Рано или поздно на каждого писателя вываливаются потоки брани на две, три, пять тысяч слов, и это не укус, который мучает тебя три дня, это терзает всю жизнь. Теперь и Цукерману пришла очередь до самой смерти хранить в базе цитат о себе самую злобную рецензию, впечатавшуюся в память, как «Абу Бен Адхем» или «Аннабель Ли», — первые два стихотворения, которые пришлось выучить наизусть к урокам английского в средней школе, и настолько же бесполезную.

 

*  *  *

Статья Аппеля была опубликована в «Инквайери» в мае 1973 года, и тогда же в Цукермане вспыхнула ненависть.
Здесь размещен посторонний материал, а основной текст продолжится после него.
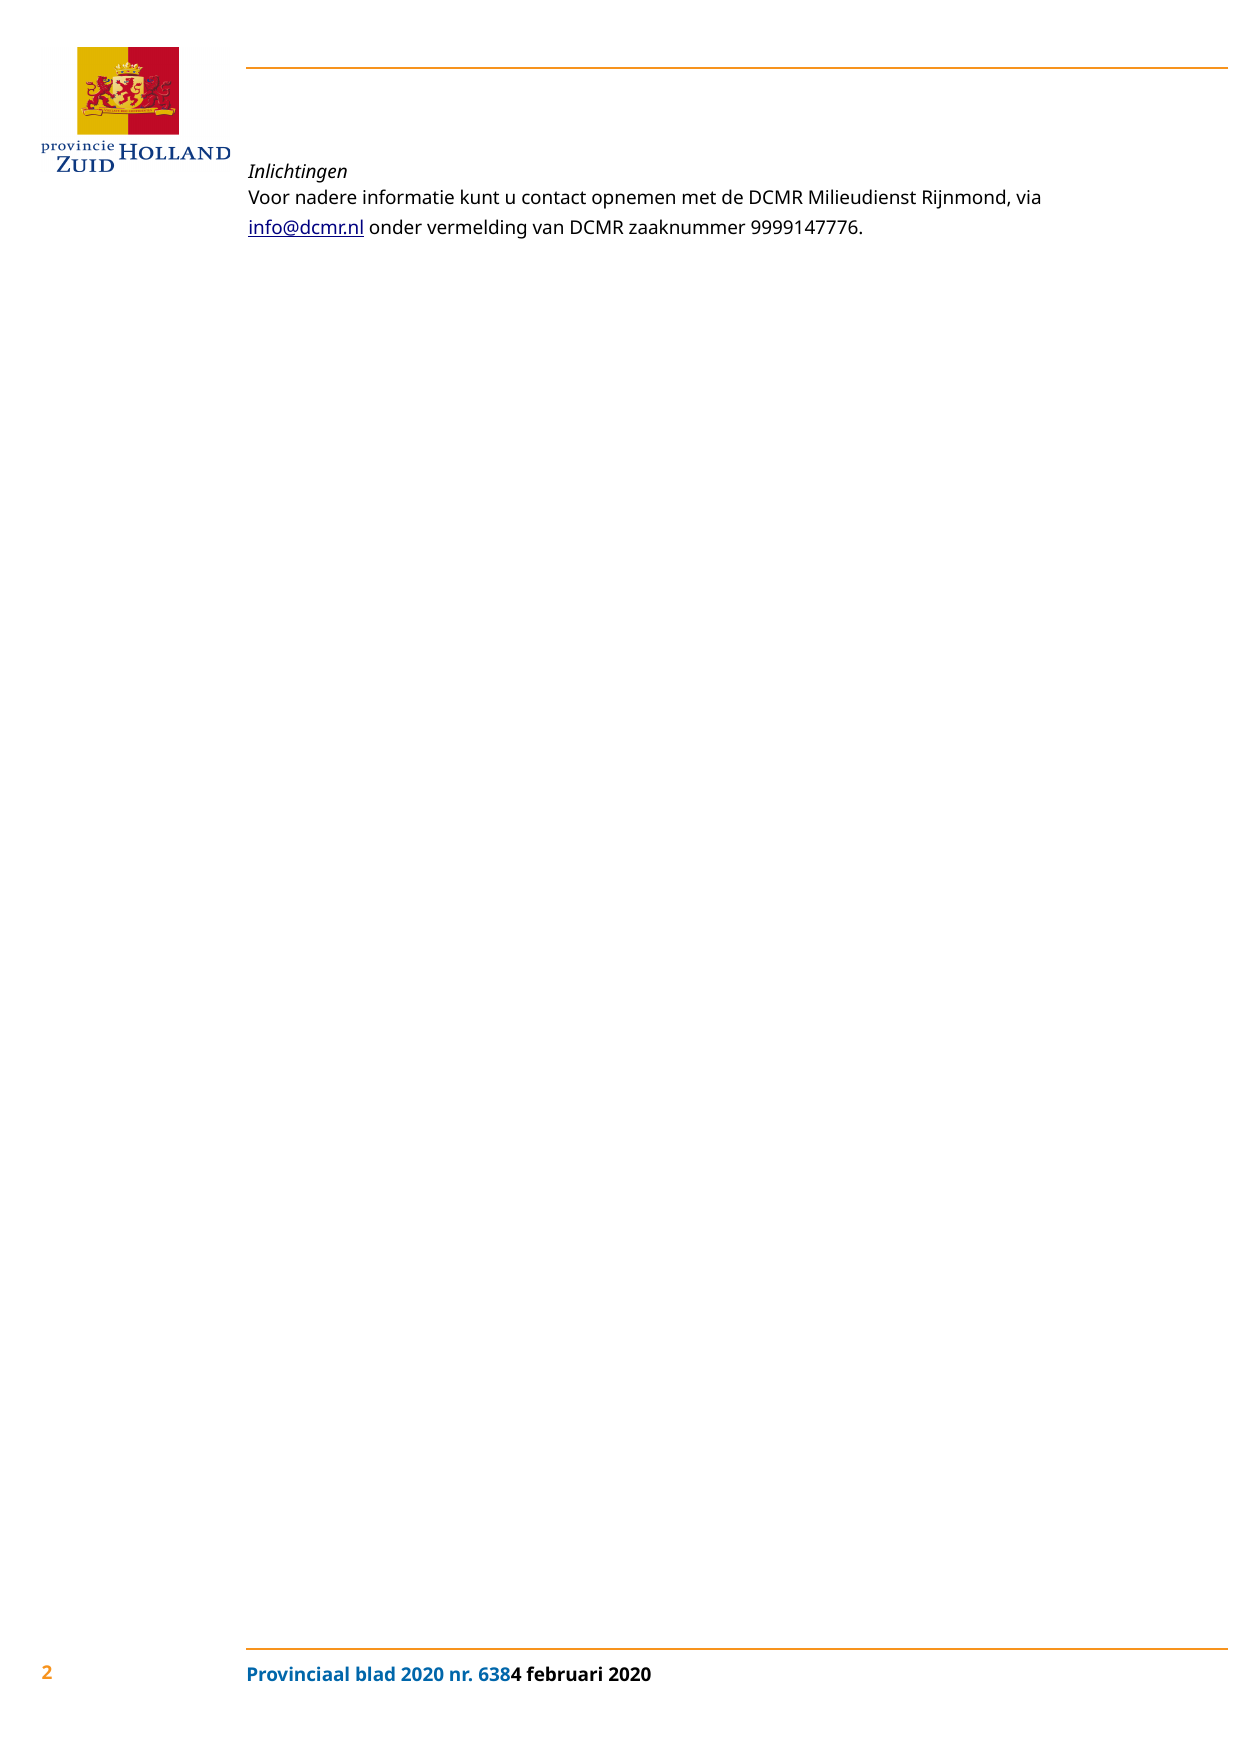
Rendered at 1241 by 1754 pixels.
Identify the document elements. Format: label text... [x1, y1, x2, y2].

picture [41, 47, 231, 172]
text Voor nadere informatie kunt u contact opnemen met de DCMR Milieudienst Rijnmond, via info@dcmr.nl onder vermelding van DCMR zaaknummer 9999147776. [248, 184, 1152, 240]
text Inlichtingen [248, 159, 1152, 184]

В октябре пять тысяч египетских и сирийских танков днем в Йом Кипур атаковали Израиль. Застигнутым врасплох израильтянам в тот раз понадобилось три недели, чтобы разгромить арабские армии и подойти к Дамаску и Каиру. Но после броска к победе израильтян ждало поражение: Совет безопасности, европейская пресса, даже конгресс США — все обвиняли Израиль в агрессии. И в отчаянных поисках союзников Милтон Аппель обратился к худшему из еврейских писателей с просьбой написать статью в поддержку еврейского государства.

Война Судного дня. Суэцкий канал. 7 октября 1973.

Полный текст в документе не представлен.